Что же касается Настаськи, то теперь Гайдук поняла, что имел в виду Куренной, когда сетовал на ее «липучесть». Та весь вечер не отходила от нового гостя. То, сидя на лавке, терлась бедром о ее бедро, отчего Евдокимку бросало в омерзительную дрожь; то прямо за столом пыталась налечь грудью не нее… А то вновь и вновь стремилась притиснуть руку к ее паху, и Гайдук приходилось или крепко сжимать колени, или же забрасывать ногу за ногу. При этом молодка все время требовала: «Ну, скажи, скажи что-нибудь по-немецки. Хотя бы слово».

– Да оставь ты парня в покое! – не выдержала такого натиска Варька. – Скоро сама научишься шпрехать, офицеров ихних соблазняя. Еще и гансиков штук десять нарожаешь.

Евдокимка обратила внимание, что произносила это женщина без какого-либо страха или огорчения. Очевидно, давно решила для себя, что мужик – он в любом обличье мужик.

Трапеза была в самом разгаре, когда Евдокимка ушла в соседнюю комнату, сняла сапоги и, не раздеваясь, упала на лежанку. Буквально через несколько минут она уже мирно посапывала. Однако сну ее не суждено было стать долгим. Проснулась Гайдук от того, что кто-то, обхватив ногами ее ногу, пытался разделаться с ее штанами.

– Ты чего? – спросонья рванулась Евдокимка, резко отбивая руку, добирающуюся до ее женской тайны. – Какого черта?

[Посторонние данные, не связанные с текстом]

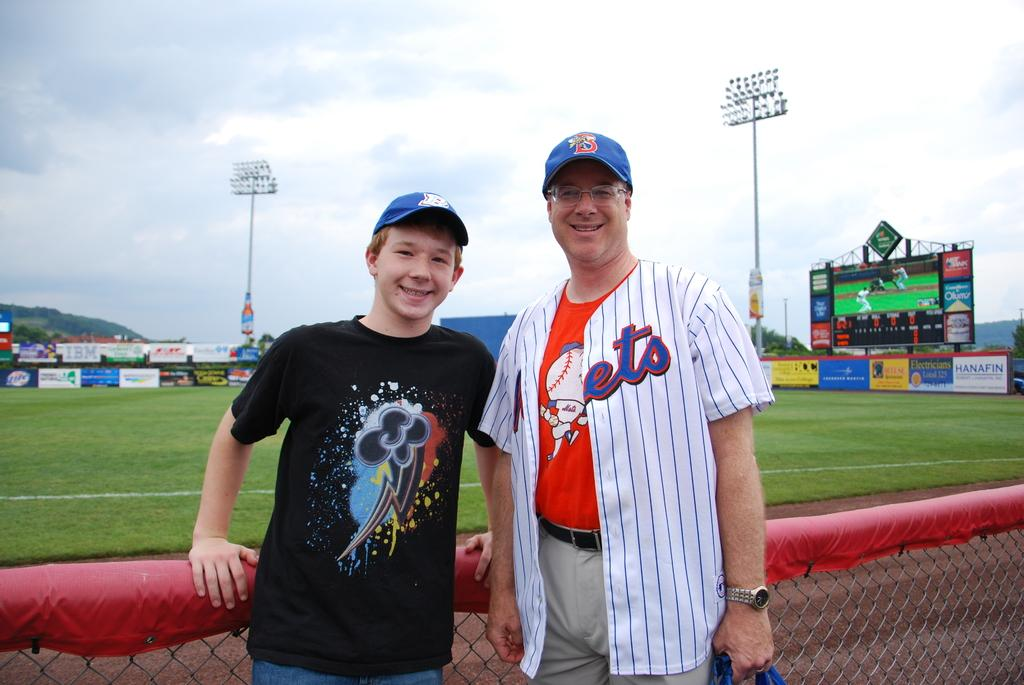<image>
Summarize the visual content of the image. a man has a hat on with the letter B on it 
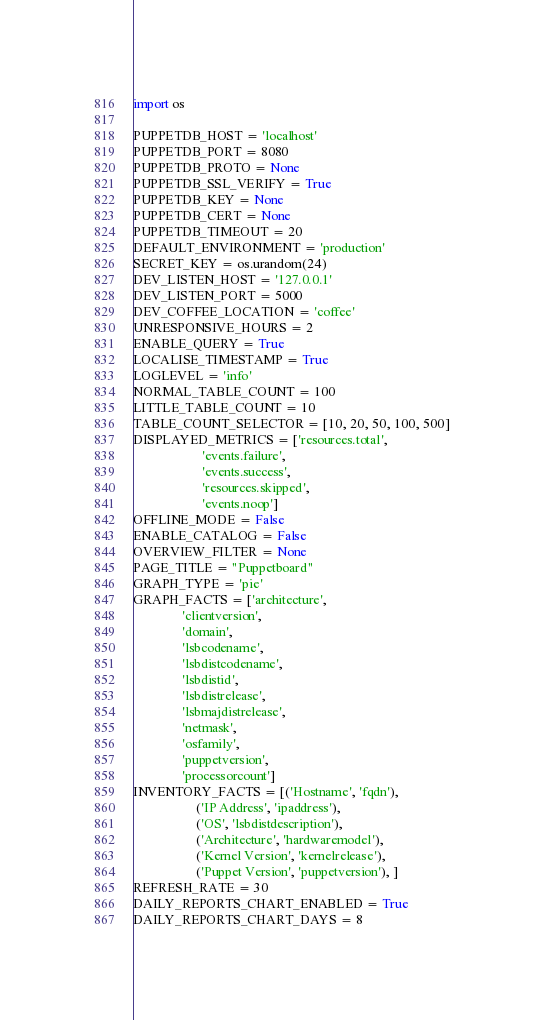<code> <loc_0><loc_0><loc_500><loc_500><_Python_>import os

PUPPETDB_HOST = 'localhost'
PUPPETDB_PORT = 8080
PUPPETDB_PROTO = None
PUPPETDB_SSL_VERIFY = True
PUPPETDB_KEY = None
PUPPETDB_CERT = None
PUPPETDB_TIMEOUT = 20
DEFAULT_ENVIRONMENT = 'production'
SECRET_KEY = os.urandom(24)
DEV_LISTEN_HOST = '127.0.0.1'
DEV_LISTEN_PORT = 5000
DEV_COFFEE_LOCATION = 'coffee'
UNRESPONSIVE_HOURS = 2
ENABLE_QUERY = True
LOCALISE_TIMESTAMP = True
LOGLEVEL = 'info'
NORMAL_TABLE_COUNT = 100
LITTLE_TABLE_COUNT = 10
TABLE_COUNT_SELECTOR = [10, 20, 50, 100, 500]
DISPLAYED_METRICS = ['resources.total',
                     'events.failure',
                     'events.success',
                     'resources.skipped',
                     'events.noop']
OFFLINE_MODE = False
ENABLE_CATALOG = False
OVERVIEW_FILTER = None
PAGE_TITLE = "Puppetboard"
GRAPH_TYPE = 'pie'
GRAPH_FACTS = ['architecture',
               'clientversion',
               'domain',
               'lsbcodename',
               'lsbdistcodename',
               'lsbdistid',
               'lsbdistrelease',
               'lsbmajdistrelease',
               'netmask',
               'osfamily',
               'puppetversion',
               'processorcount']
INVENTORY_FACTS = [('Hostname', 'fqdn'),
                   ('IP Address', 'ipaddress'),
                   ('OS', 'lsbdistdescription'),
                   ('Architecture', 'hardwaremodel'),
                   ('Kernel Version', 'kernelrelease'),
                   ('Puppet Version', 'puppetversion'), ]
REFRESH_RATE = 30
DAILY_REPORTS_CHART_ENABLED = True
DAILY_REPORTS_CHART_DAYS = 8
</code> 
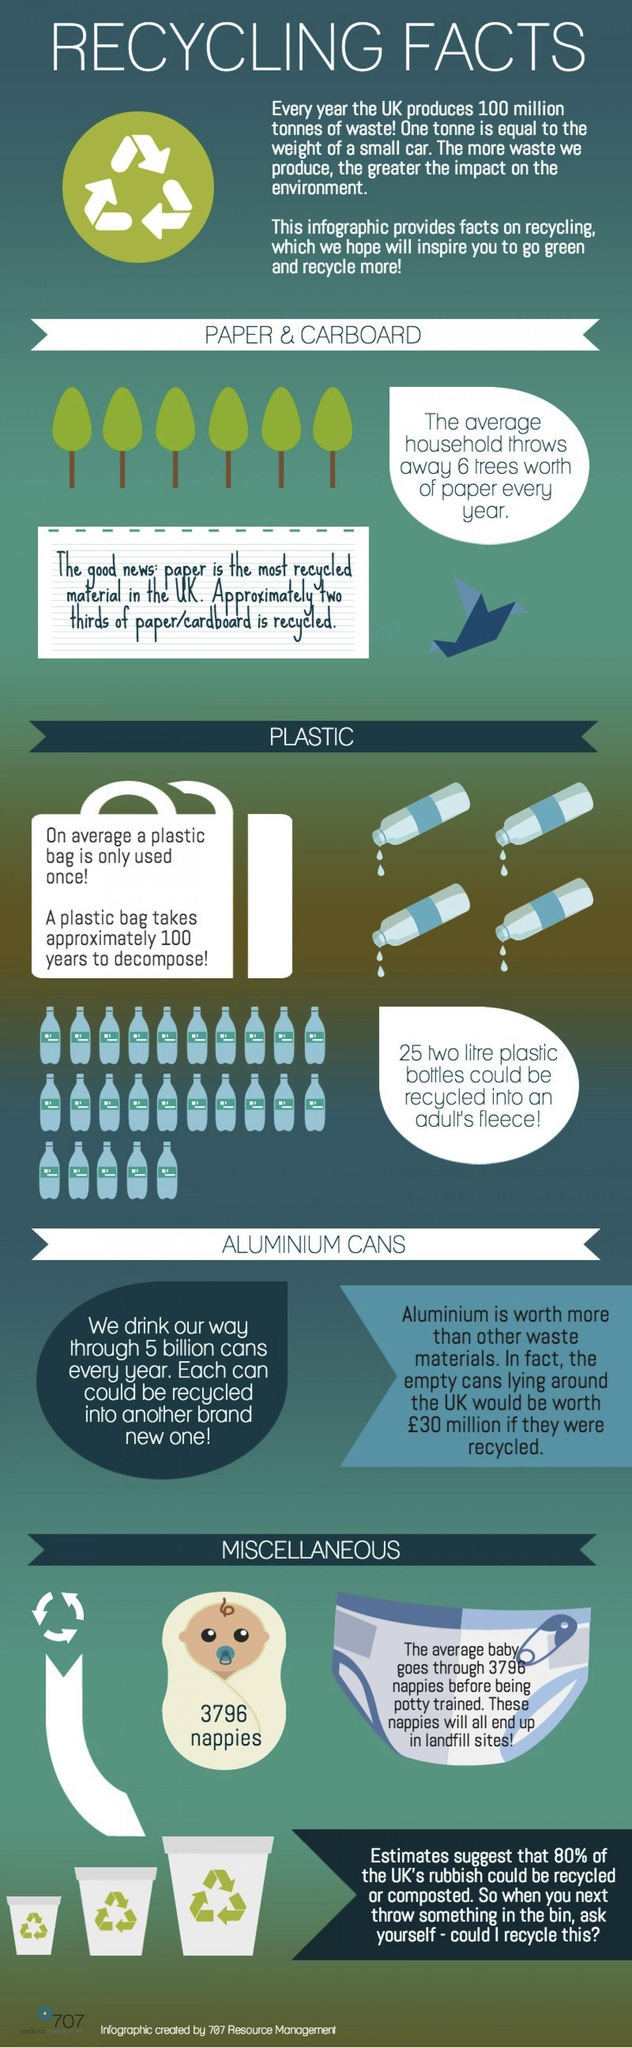Point out several critical features in this image. There are a total of three recycle bins present in this area. Plastic bags take a century to decompose, making them a harmful and long-lasting product that pollutes the environment. In the UK, paper is the most recycled material, surpassing plastic and aluminum cans. The image shows a total of six trees. The written content on the image of the baby is 3796 nappies. 
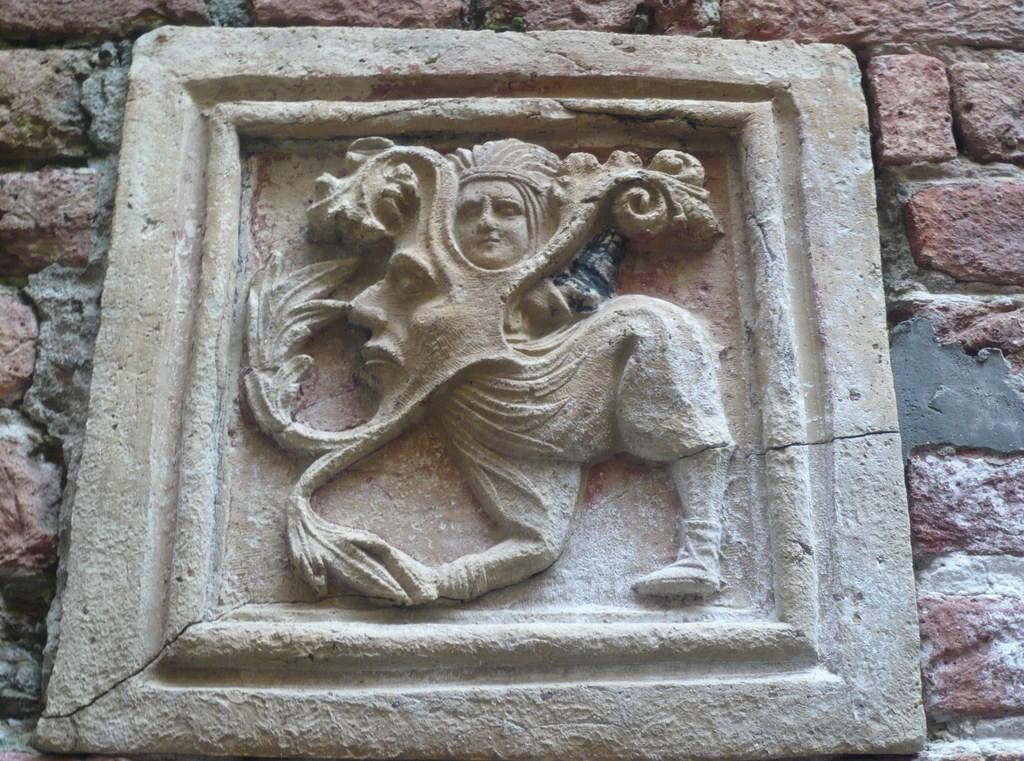What is the main subject of the image? There is a sculpture in the image. Where is the sculpture located? The sculpture is on a brick wall. Are there any cobwebs visible on the sculpture in the image? There is no mention of cobwebs in the provided facts, so we cannot determine if any are present in the image. 
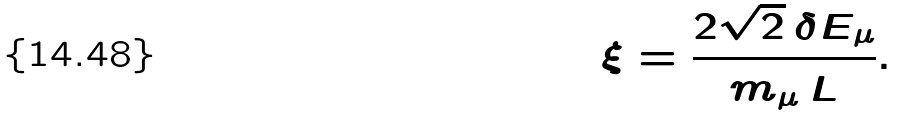<formula> <loc_0><loc_0><loc_500><loc_500>\xi = \frac { 2 \sqrt { 2 } \, \delta E _ { \mu } } { m _ { \mu } \, L } .</formula>

– Да не стесняйся ты! Игорь и Варька уже отбесились по пьяни и храпят теперь в соседней комнате.

Наконец Евдокимка окончательно поняла, где она находится, и вспомнила, кто та женщина, что забралась к ней на лежанку.

– И ты храпи! – попыталась Гайдук столкнуть с себя хозяйку дома, но та умудрилась перекатиться через нее и, по-кошачьи сгруппировавшись, одной рукой обхватить за шею, а другой тут же прорваться через прорезь в кальсонах.

– Не дури, парень! – горячо зашептала она Евдокимке в подбородок. – Где ты еще такую бабу на передовой найдешь? Если стесняешься, я могу сама все проделать, сверху, на тебе. Или же просто возьму твое сокровище в рот, а потом уж…

– Да отвяжись ты, идиотка! – с силой вырвала Гайдук руку женщины оттуда, куда она не должна была проникать; однако было уже поздно.